A Pétersbourg, la nouvelle des répressions inutilement sanglantes de Varsovie avait produit une impression plutôt favorable aux Polonais, et le résultat en fut l'oukaze du 26 mars 1861 qui concéda à la Pologne un conseil d'État distinct, une direction particulière des Cultes et de l'Instruction publique, desconseils de gouvernement, des districts, des municipalités élues, c'est-à-dire à peu près les clauses non exécutées du statut de 1832. La direction de l'Instruction publique fut confiée à un Polonais, le marquis Wiélopolski, partisan de la conciliation; mais, pour atténuer l'effet de ces concessions, le 6 avril, la Société d'agriculture fut supprimée. Ce fut le système du gouvernement si tant est que l'on puisse appeler cette indécision perpétuelle un système que de faire alterner les apparences de concessions et les mesures de rigueur, jusqu'au jour où l'opinion russe lui imposa une conduite suivie.
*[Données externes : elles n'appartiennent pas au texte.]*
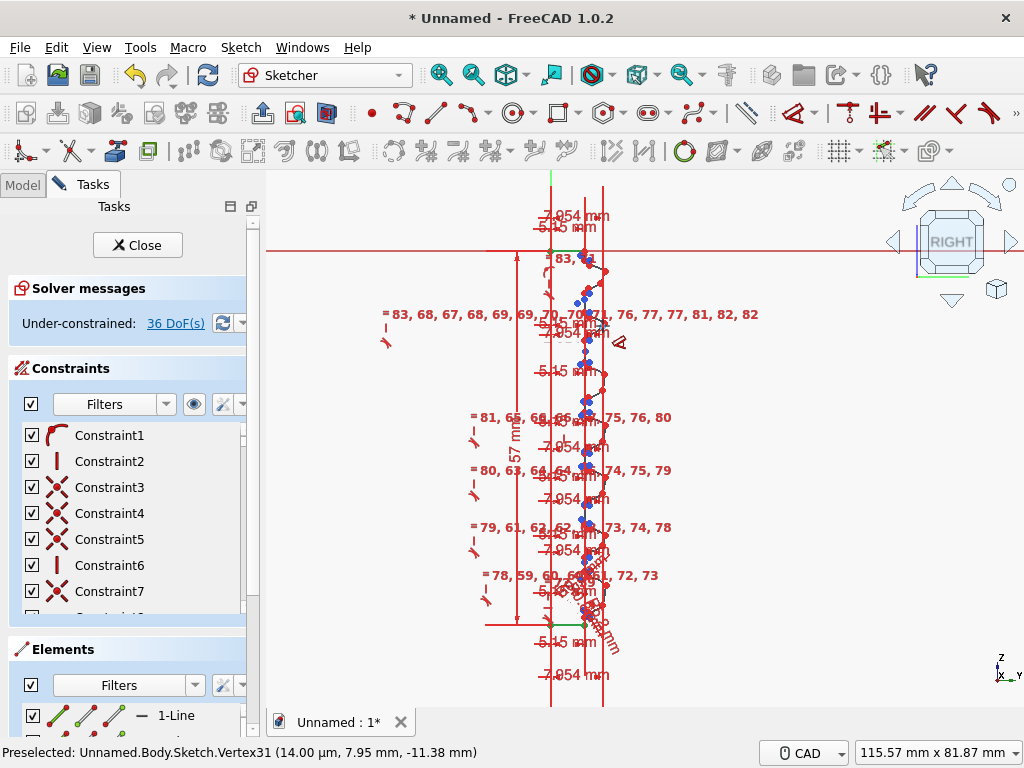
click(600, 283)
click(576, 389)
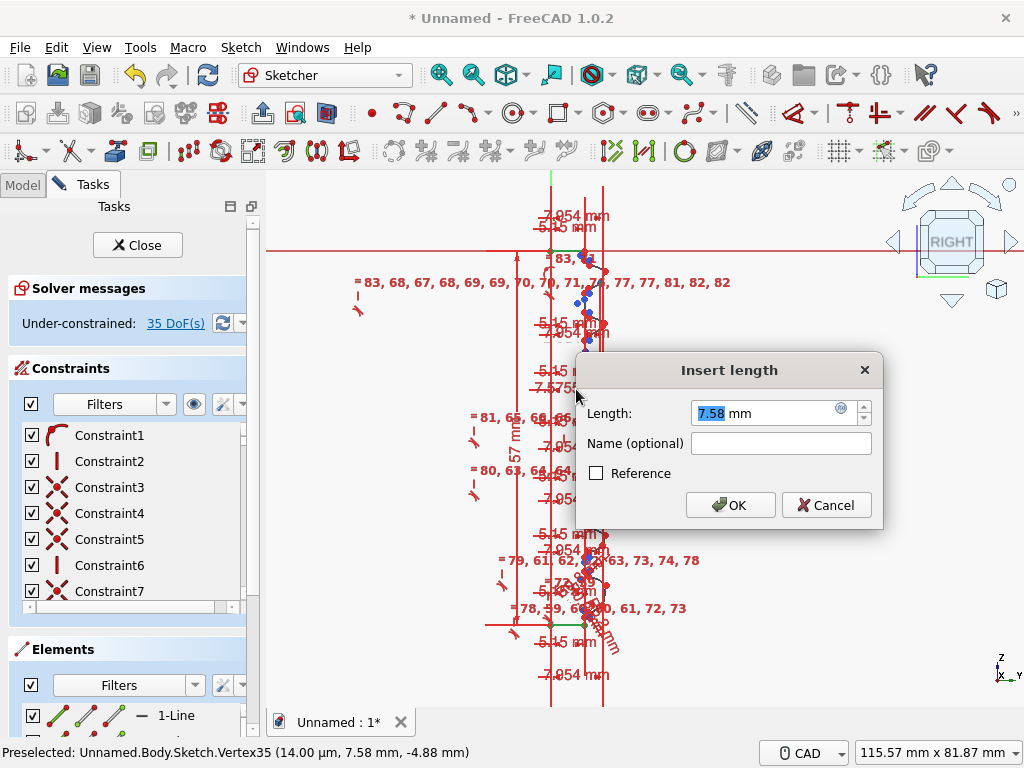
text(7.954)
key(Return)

La suppression de la Société d'agriculture devait forcément produire de nouveaux troubles. Le 7 et le 8 avril, des manifestations eurent lieu, demandant le retrait de l'ordonnance de dissolution. Elles finirent comme les manifestations de Février, par une fusillade insensée sur une foule sans armes : la place du Château resta jonchée de morts et de blessés. Mais les manifestations n'en continuèrent pas moins le 10 octobre, à Horodlo, sur la frontière de la Pologne et de la Lithuanie,

une foule immense, venue des deux pays, célébra l'anniversaire de leur union séculaire. L'humanité du commandant des troupes concentrées à Horodlo empêcha seule un nouveau

massacre.

Pendant ce temps, le gouvernement continuait à tergiverser, effrayé successivement et de ses concessions et de ses rigueurs. Au prince Gortchakof, mort à la fin de mai, avait succédé le général Louchmanett, qui lui-même, à la suite de démêlés avec le marquis Wielopolski, céda la place au général comte Lambert. Celui-ci, catholique, issu d'une famille française, était l'homme de la conciliation; mais on avait eu soin de l'entourer des partisans de la répression à outrance et, le 15 octobre, Varsovie eut une nouvelle journée. La population s'était portée dans les églises pour assister à des services célébrés en mémoire de Kosciuzsko l'autorité militaire fit bloquer les églises, et la foule épouvantée refusant d'en sortir, finit par les faire évacuer de force, à quatre heures du matin : deux mille arrestations furent opérées. Quelques jours plus tard, après une scène violente avec Lambert, le commandant des troupes, le général Gerstenzweig se brûla la cervelle. Il s'en suivit le rappel de Lambert, la démission de Wiélopolski, une multitude d'arrestations et de déportations. Pourtant la politique de conciliation n'avait pas dit son dernier mot. Au mois de juin 1862, le grand-duc Constantin fut nommé vice-roi, et Wielopolski reparut à Varsovie, en qualité de vice-président du Conseil d'Etat et de chef de l'administration civile. Mais il était trop tard pour apaiser les esprits par de simples réformes administratives. A l'appel du grand-duc, les nobles répondirent par la demande de la réunion en un seul corps de toutes les anciennes provinces polonaises; des exaltés attentèrent à sa vie, puis à celle de Wiélopolski. Les mesures de répression recommencèrent l'une d'entre elles, un recrutement arbitraire, ou, plus exactement, l'arrestation d'un certain nombre de jeunes gens, sous couleur de recrutement, amena l'insurrection. Comme en Vendée, les premiers insurgés furent des réfractaires.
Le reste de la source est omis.